December 24, 2002

MICKEY MOUSE MACHIAVELLIANISM:

Machiavellian orchestration (Dan K. Thomasson, December 24, 2002, Washington Times)
The Senate is a tight little club, and its members are hypersensitive to heavy-handed outside pressure. Even those from opposing parties rarely say anything against one of the chosen as evident from Democratic Leader Tom Daschle's mild, defensive reaction to the Lott remarks. So Mr. Rove and his strategists realized the emphasis for Mr. Lott's stepping down really had to appear as coming from the embarrassed Republican senators themselves, particularly since Mr. Lott initially failed to see the seriousness of the situation himself and appeared determined to tough it out.

While the White House was stating publicly that Mr. Bush was not encouraging Mr. Lott to quit, the absence of any encouragement for him to stay also was missing and the official silence was devastating. Meanwhile, the message of presidential unhappiness was being delivered in a steady drumbeat to the press by "insiders" and "sources close to the situation" and "informed observers" and other traditional devices for calculated leaks.

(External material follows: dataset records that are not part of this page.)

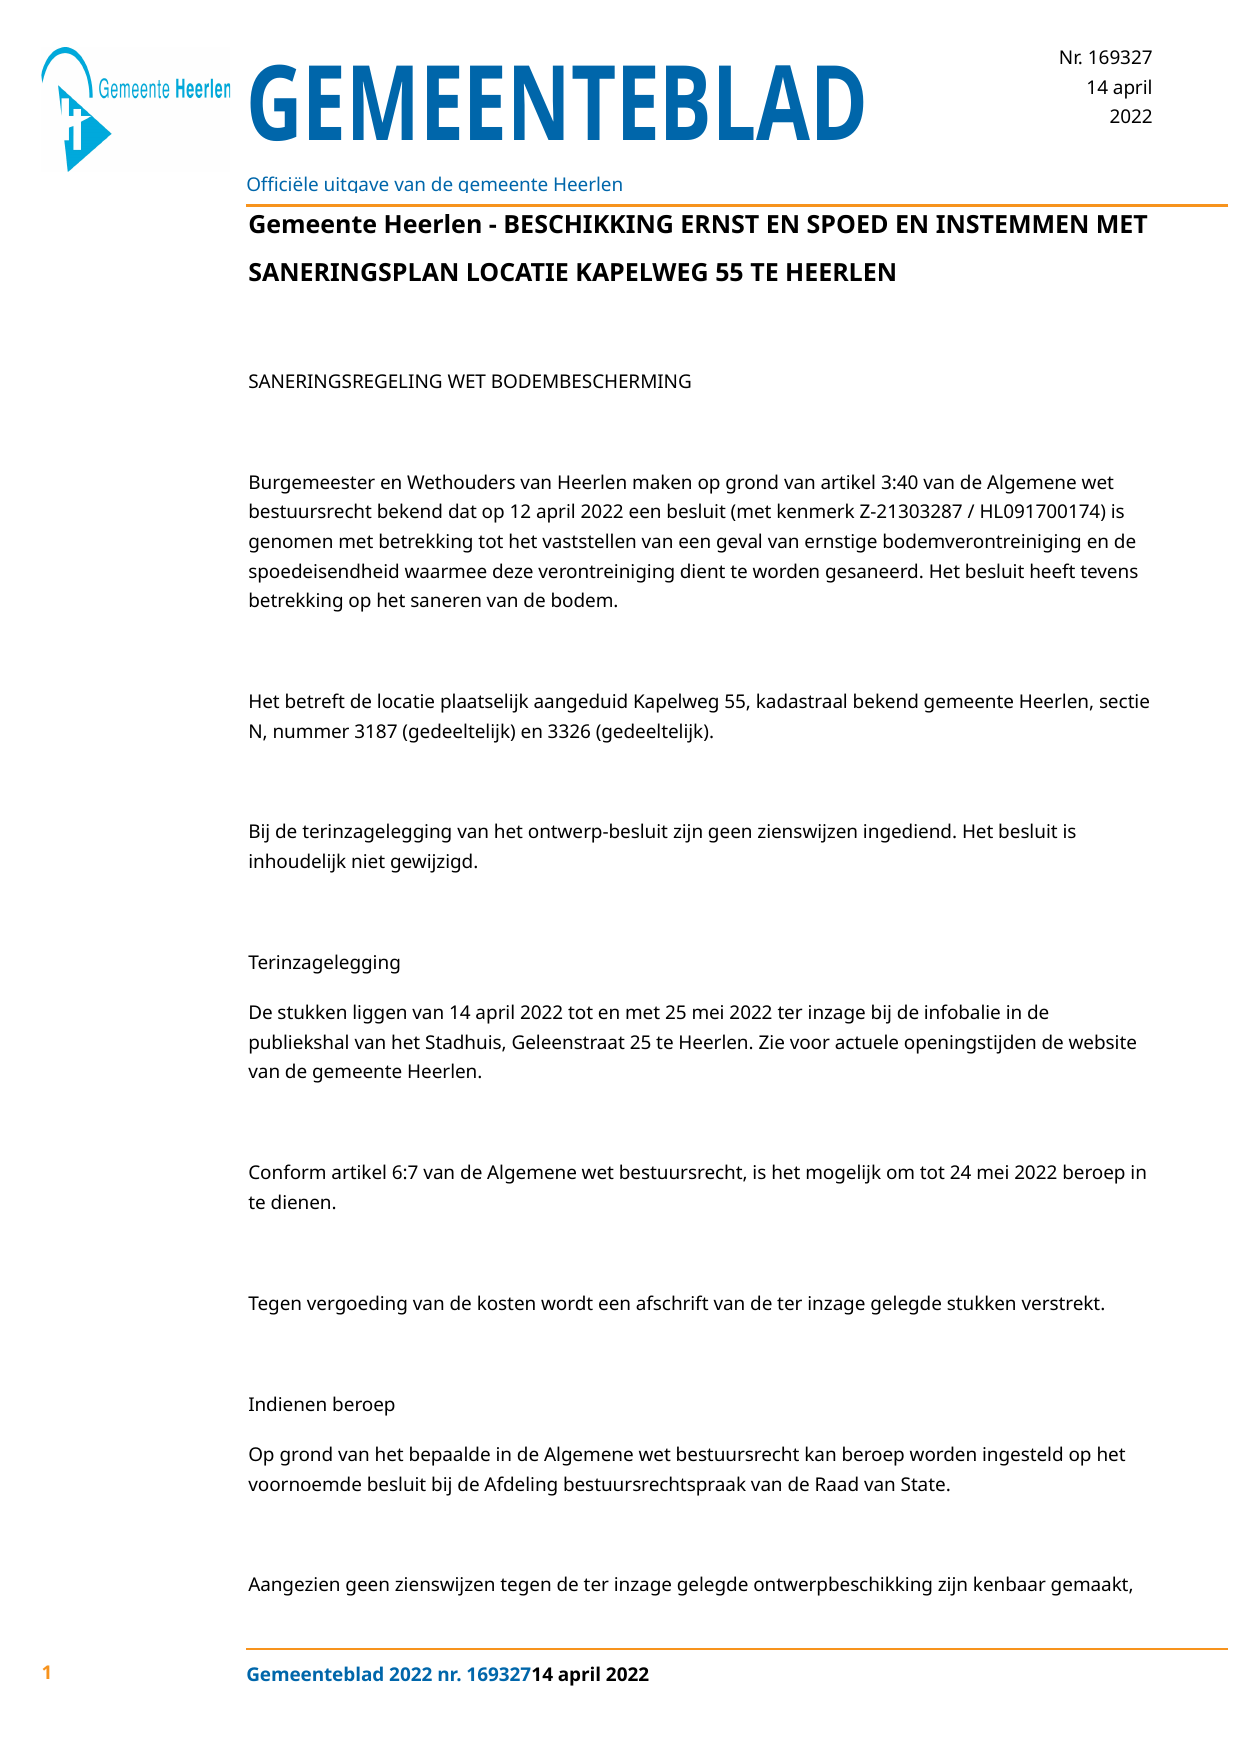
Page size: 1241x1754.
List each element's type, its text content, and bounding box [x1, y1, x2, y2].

text Terinzagelegging [248, 949, 1152, 975]
text Tegen vergoeding van de kosten wordt een afschrift van de ter inzage gelegde stukken verstrekt. [248, 1290, 1152, 1316]
picture [41, 47, 231, 172]
text SANERINGSREGELING WET BODEMBESCHERMING [248, 368, 1152, 394]
text Aangezien geen zienswijzen tegen de ter inzage gelegde ontwerpbeschikking zijn kenbaar gemaakt, [248, 1572, 1152, 1597]
picture [41, 47, 59, 70]
text Het betreft de locatie plaatselijk aangeduid Kapelweg 55, kadastraal bekend gemeente Heerlen, sectie N, nummer 3187 (gedeeltelijk) en 3326 (gedeeltelijk). [248, 688, 1152, 744]
text Conform artikel 6:7 van de Algemene wet bestuursrecht, is het mogelijk om tot 24 mei 2022 beroep in te dienen. [248, 1159, 1152, 1215]
text Indienen beroep [248, 1391, 1152, 1417]
text Bij de terinzagelegging van het ontwerp-besluit zijn geen zienswijzen ingediend. Het besluit is inhoudelijk niet gewijzigd. [248, 819, 1152, 874]
text De stukken liggen van 14 april 2022 tot en met 25 mei 2022 ter inzage bij de infobalie in de publiekshal van het Stadhuis, Geleenstraat 25 te Heerlen. Zie voor actuele openingstijden de website van de gemeente Heerlen. [248, 999, 1152, 1084]
text Op grond van het bepaalde in de Algemene wet bestuursrecht kan beroep worden ingesteld op het voornoemde besluit bij de Afdeling bestuursrechtspraak van de Raad van State. [248, 1441, 1152, 1497]
text Burgemeester en Wethouders van Heerlen maken op grond van artikel 3:40 van de Algemene wet bestuursrecht bekend dat op 12 april 2022 een besluit (met kenmerk Z-21303287 / HL091700174) is genomen met betrekking tot het vaststellen van een geval van ernstige bodemverontreiniging en de spoedeisendheid waarmee deze verontreiniging dient te worden gesaneerd. Het besluit heeft tevens betrekking op het saneren van de bodem. [248, 469, 1152, 613]
text Gemeente Heerlen - BESCHIKKING ERNST EN SPOED EN INSTEMMEN MET SANERINGSPLAN LOCATIE KAPELWEG 55 TE HEERLEN [248, 207, 1152, 288]
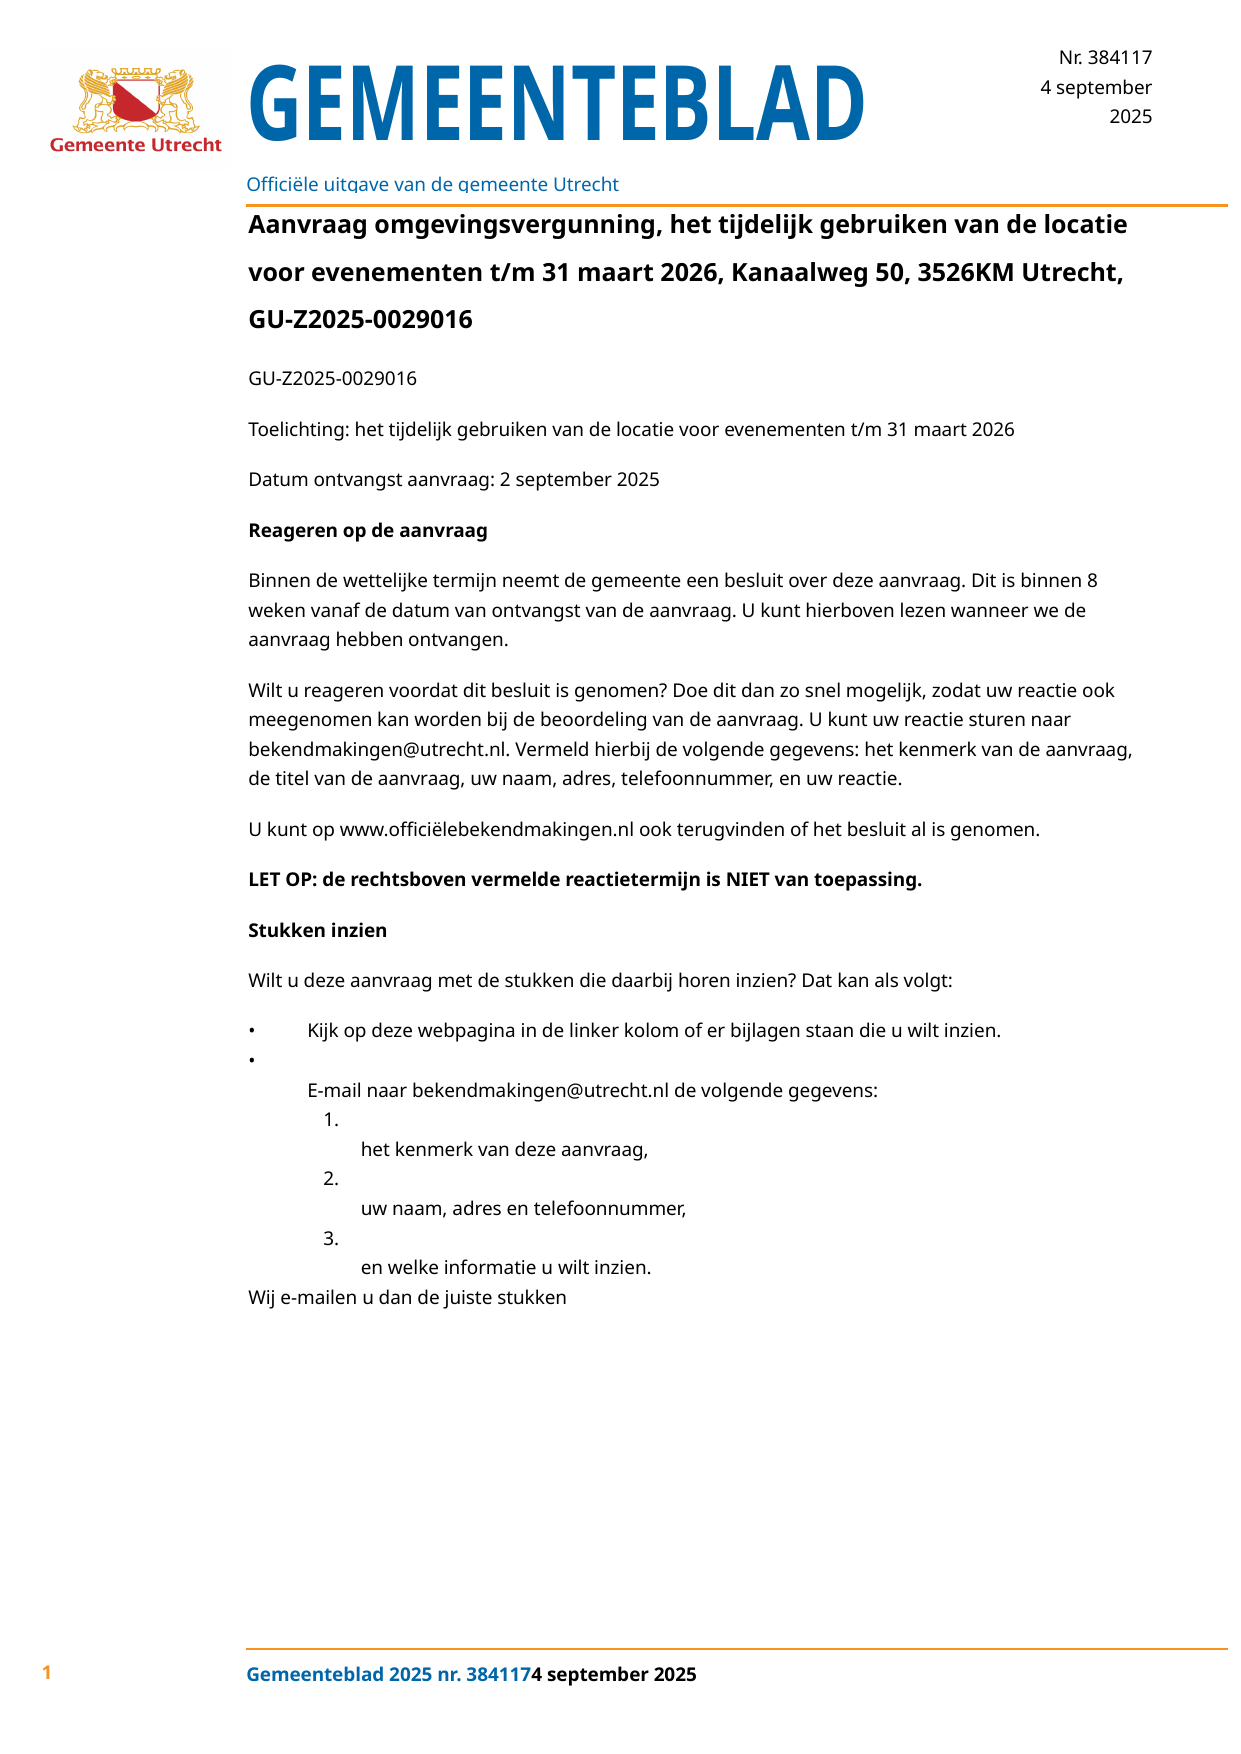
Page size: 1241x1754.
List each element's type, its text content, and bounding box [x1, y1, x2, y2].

text U kunt op www.officiëlebekendmakingen.nl ook terugvinden of het besluit al is genomen. [248, 816, 1152, 842]
text Reageren op de aanvraag [248, 517, 1152, 542]
text Aanvraag omgevingsvergunning, het tijdelijk gebruiken van de locatie voor evenementen t/m 31 maart 2026, Kanaalweg 50, 3526KM Utrecht, GU-Z2025-0029016 [248, 207, 1152, 336]
text GU-Z2025-0029016 [248, 366, 1152, 391]
list E-mail naar bekendmakingen@utrecht.nl de volgende gegevens: [248, 1077, 1152, 1102]
list uw naam, adres en telefoonnummer, [323, 1195, 1152, 1221]
text Toelichting: het tijdelijk gebruiken van de locatie voor evenementen t/m 31 maart 2026 [248, 416, 1152, 442]
text Datum ontvangst aanvraag: 2 september 2025 [248, 466, 1152, 492]
text Wilt u deze aanvraag met de stukken die daarbij horen inzien? Dat kan als volgt: [248, 967, 1152, 993]
list Kijk op deze webpagina in de linker kolom of er bijlagen staan die u wilt inzien. [248, 1018, 1152, 1043]
picture [41, 47, 231, 172]
list en welke informatie u wilt inzien. [323, 1254, 1152, 1280]
text Wij e-mailen u dan de juiste stukken [248, 1284, 1152, 1309]
text Binnen de wettelijke termijn neemt de gemeente een besluit over deze aanvraag. Dit is binnen 8 weken vanaf de datum van ontvangst van de aanvraag. U kunt hierboven lezen wanneer we de aanvraag hebben ontvangen. [248, 567, 1152, 652]
text LET OP: de rechtsboven vermelde reactietermijn is NIET van toepassing. [248, 866, 1152, 892]
list het kenmerk van deze aanvraag, [323, 1136, 1152, 1162]
text Stukken inzien [248, 917, 1152, 942]
text Wilt u reageren voordat dit besluit is genomen? Doe dit dan zo snel mogelijk, zodat uw reactie ook meegenomen kan worden bij de beoordeling van de aanvraag. U kunt uw reactie sturen naar bekendmakingen@utrecht.nl. Vermeld hierbij de volgende gegevens: het kenmerk van de aanvraag, de titel van de aanvraag, uw naam, adres, telefoonnummer, en uw reactie. [248, 677, 1152, 791]
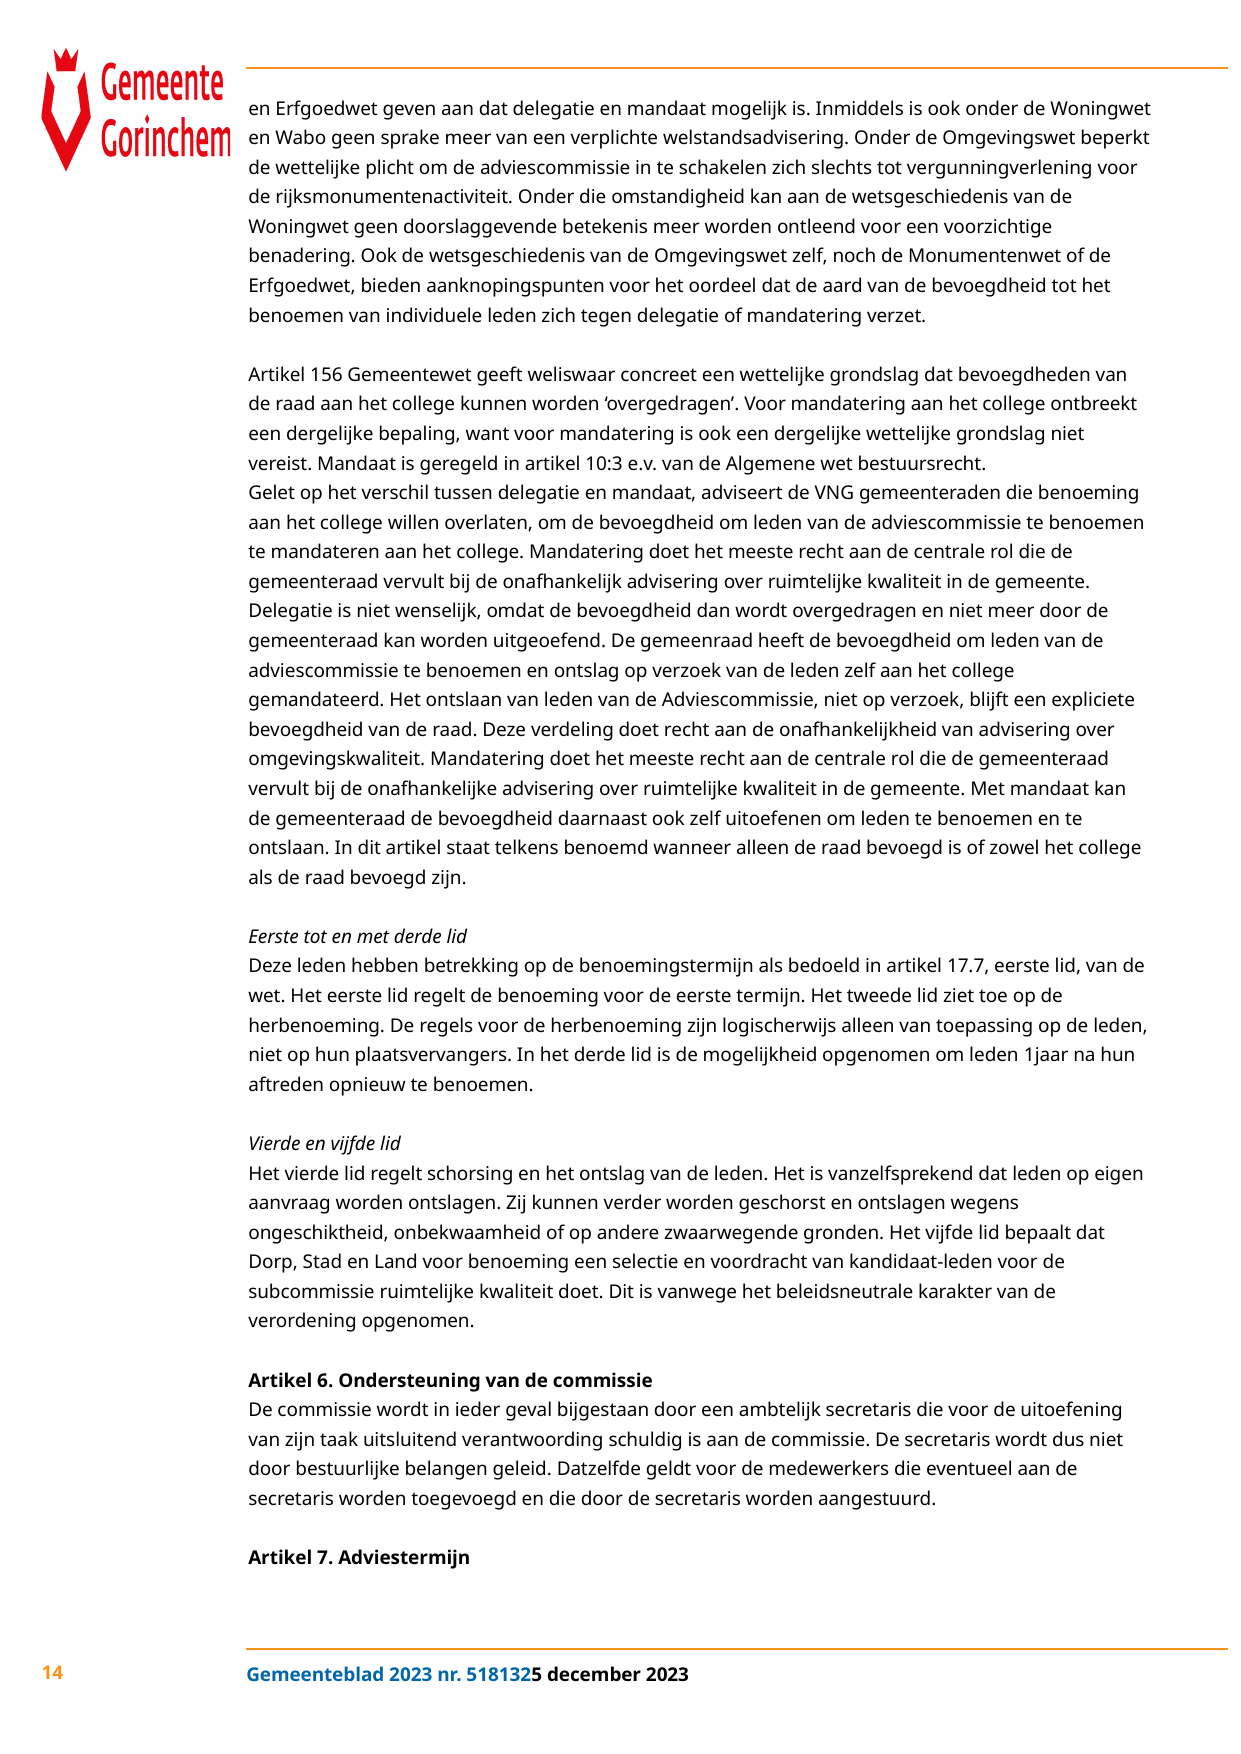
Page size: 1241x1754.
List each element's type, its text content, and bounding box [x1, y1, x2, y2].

text Gelet op het verschil tussen delegatie en mandaat, adviseert de VNG gemeenteraden die benoeming aan het college willen overlaten, om de bevoegdheid om leden van de adviescommissie te benoemen te mandateren aan het college. Mandatering doet het meeste recht aan de centrale rol die de gemeenteraad vervult bij de onafhankelijk advisering over ruimtelijke kwaliteit in de gemeente. [248, 479, 1152, 594]
text Artikel 6. Ondersteuning van de commissie [248, 1367, 1152, 1393]
text Het vierde lid regelt schorsing en het ontslag van de leden. Het is vanzelfsprekend dat leden op eigen aanvraag worden ontslagen. Zij kunnen verder worden geschorst en ontslagen wegens ongeschiktheid, onbekwaamheid of op andere zwaarwegende gronden. Het vijfde lid bepaalt dat Dorp, Stad en Land voor benoeming een selectie en voordracht van kandidaat-leden voor de subcommissie ruimtelijke kwaliteit doet. Dit is vanwege het beleidsneutrale karakter van de verordening opgenomen. [248, 1160, 1152, 1333]
text en Erfgoedwet geven aan dat delegatie en mandaat mogelijk is. Inmiddels is ook onder de Woningwet en Wabo geen sprake meer van een verplichte welstandsadvisering. Onder de Omgevingswet beperkt de wettelijke plicht om de adviescommissie in te schakelen zich slechts tot vergunningverlening voor de rijksmonumentenactiviteit. Onder die omstandigheid kan aan de wetsgeschiedenis van de Woningwet geen doorslaggevende betekenis meer worden ontleend voor een voorzichtige benadering. Ook de wetsgeschiedenis van de Omgevingswet zelf, noch de Monumentenwet of de Erfgoedwet, bieden aanknopingspunten voor het oordeel dat de aard van de bevoegdheid tot het benoemen van individuele leden zich tegen delegatie of mandatering verzet. [248, 95, 1152, 328]
text De commissie wordt in ieder geval bijgestaan door een ambtelijk secretaris die voor de uitoefening van zijn taak uitsluitend verantwoording schuldig is aan de commissie. De secretaris wordt dus niet door bestuurlijke belangen geleid. Datzelfde geldt voor de medewerkers die eventueel aan de secretaris worden toegevoegd en die door de secretaris worden aangestuurd. [248, 1396, 1152, 1511]
text Vierde en vijfde lid [248, 1130, 1152, 1156]
text Artikel 156 Gemeentewet geeft weliswaar concreet een wettelijke grondslag dat bevoegdheden van de raad aan het college kunnen worden ‘overgedragen’. Voor mandatering aan het college ontbreekt een dergelijke bepaling, want voor mandatering is ook een dergelijke wettelijke grondslag niet vereist. Mandaat is geregeld in artikel 10:3 e.v. van de Algemene wet bestuursrecht. [248, 361, 1152, 476]
text Eerste tot en met derde lid [248, 923, 1152, 949]
text Deze leden hebben betrekking op de benoemingstermijn als bedoeld in artikel 17.7, eerste lid, van de wet. Het eerste lid regelt de benoeming voor de eerste termijn. Het tweede lid ziet toe op de herbenoeming. De regels voor de herbenoeming zijn logischerwijs alleen van toepassing op de leden, niet op hun plaatsvervangers. In het derde lid is de mogelijkheid opgenomen om leden 1jaar na hun aftreden opnieuw te benoemen. [248, 953, 1152, 1097]
text Artikel 7. Adviestermijn [248, 1544, 1152, 1570]
picture [41, 47, 231, 172]
text Delegatie is niet wenselijk, omdat de bevoegdheid dan wordt overgedragen en niet meer door de gemeenteraad kan worden uitgeoefend. De gemeenraad heeft de bevoegdheid om leden van de adviescommissie te benoemen en ontslag op verzoek van de leden zelf aan het college gemandateerd. Het ontslaan van leden van de Adviescommissie, niet op verzoek, blijft een expliciete bevoegdheid van de raad. Deze verdeling doet recht aan de onafhankelijkheid van advisering over omgevingskwaliteit. Mandatering doet het meeste recht aan de centrale rol die de gemeenteraad vervult bij de onafhankelijke advisering over ruimtelijke kwaliteit in de gemeente. Met mandaat kan de gemeenteraad de bevoegdheid daarnaast ook zelf uitoefenen om leden te benoemen en te ontslaan. In dit artikel staat telkens benoemd wanneer alleen de raad bevoegd is of zowel het college als de raad bevoegd zijn. [248, 598, 1152, 890]

Mr. Rove clearly understood another fact of Senate life. Most of its members are possessed with personal ambition that if tweaked just a little will take over. Lyndon Johnson once said that to be successful every president has to realize there are probably 99 members of the Senate who think they can do the job better than he can. The person the White House wanted for the job from the outset of the controversy was presidential pal Sen. Bill Frist of Tennessee, a "compassionate conservative" who would be unassailable on the issue of race. After all, here was a brilliantly accomplished surgeon who spent his vacations in Africa operating on the needy.

To accomplish this, Mr. Rove and company with the president's blessing collaborated with Sen. George Allen of Virginia, a Lott backer who has his own ambitions but also saw the futility of Mr. Lott's case and what his continued resistance to resigning was doing to a party whose image on civil rights issues, fairly or unfairly, already was tarnished. Mr. Frist agreed to seek the majority leader's job and Mr. Allen informed his friend that it was over.


The real sleight of hand here is that Mr. Bush has been able to avoid the blame for torpedoing Trent Lott despite the speech in Philadelphia that effectively settled the question. From then on Mr. Lott was living on borrowed time. To that extent what was most on display in this episode was the way the press often gets co-opted into the plotline of a story, as witness their willingness to keep repeating with a straight face the White House's absurd denials that the President wanted Mr. Lott out. Mr. Rove needn't be terribly crafty so long as the opponents are so obtuse. Posted by Orrin Judd at December 24, 2002 2:30 PM
Comments

Wait a minute -- I thought this was a dumb President? :)

Posted by: Kevin Whited at December 26, 2002 8:54 AM

I believe the term of art is "moron".